In many animals and plants we find a difference in this connexion not only between kinds as compared with kinds, but also between similar individuals of the same kind as compared with each other, e.g. man with man or vine with vine. Some have much semen, others little, others again none at all, not through weakness but the contrary, at any rate in some cases. This is because the nutriment is used up to form the body, as with some human beings, who, being in good condition and developing much flesh or getting rather too fat, produce less semen and are less desirous of intercourse. Like this is what happens with those vines which 'play the goat', that is, luxuriate wantonly through too much nutrition, for he-goats when fat are less inclined to mount the female; for which reason they thin them before breeding from them, and say that the vines 'play the goat', so calling it from the condition of the goats. And fat people, women as well as men, appear to be less fertile than others from the fact that the secretion when in process of concoction turns to fat with those who are too well-nourished. For fat also is a healthy secretion due to good living.

In some cases no semen is produced at all, as by the willow and poplar.
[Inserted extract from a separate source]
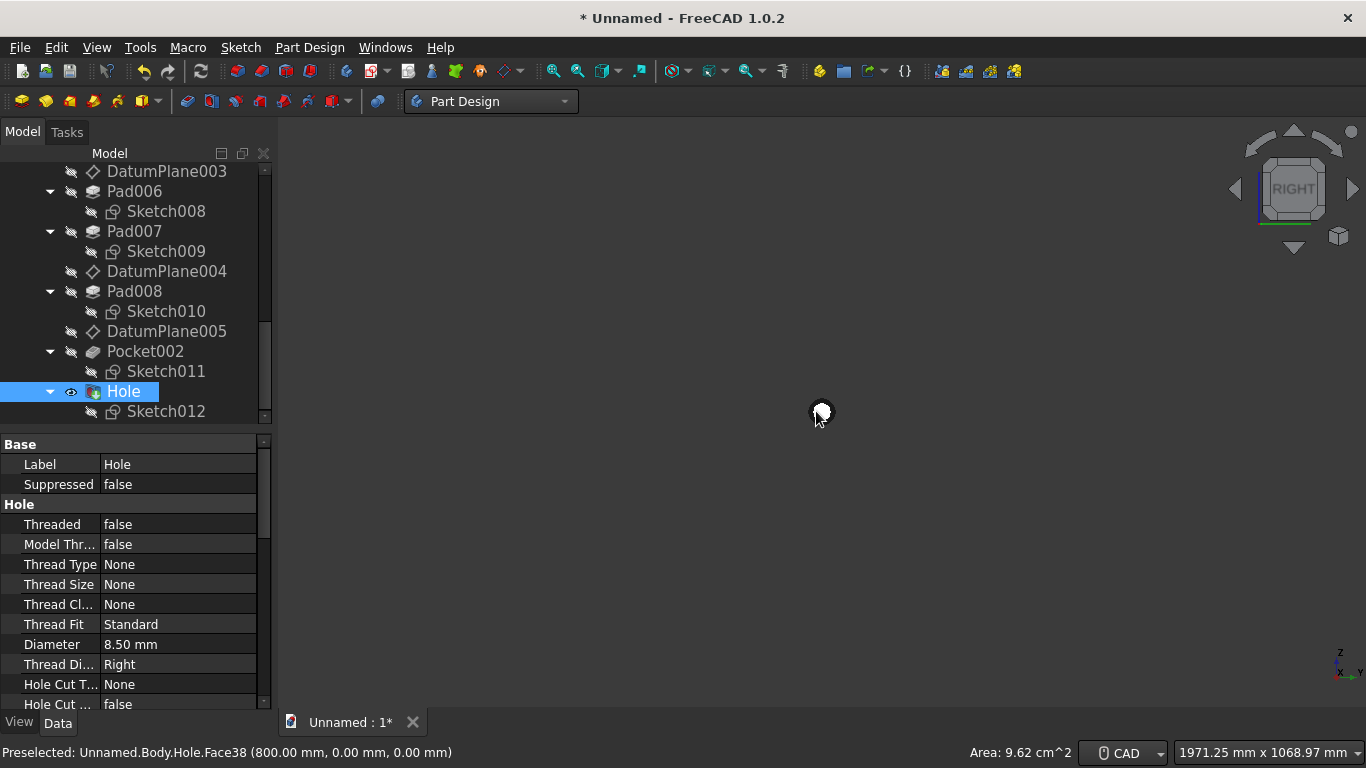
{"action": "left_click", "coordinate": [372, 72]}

This condition is due to each of the two causes, weakness and strength; the former prevents concoction of the nutriment, the latter causes it to be all consumed, as said above. In like manner other animals produce much semen through weakness as well as through strength, when a great quantity of a useless secretion is mixed with it; this sometimes results in actual disease when a passage is not found to carry off the impurity, and though some recover of this, others actually die of it. For corrupt humours collect here as in the urine, which also has been known to cause disease.

[Further the same passage serves for urine and semen; and whatever animals have both kinds of excrement, that of liquid and that of solid nutriment, discharge the semen by the same passage as the liquid excrement (for it is a secretion of a liquid, since the nutriment of all animals is rather liquid than solid), but those which have no liquid excrement discharge it at the passage of the solid residua. Moreover, waste-products are always morbid, but the removal of the secretion is useful; now the discharge of the semen participates in both characteristics because it takes up some of the non-useful nutriment. But if it were a waste-product it would be always harmful; as it is, it is not so.]

From what has been said, it is clear that semen is a secretion of useful nutriment, and that in its last stage, whether it is produced by all or no.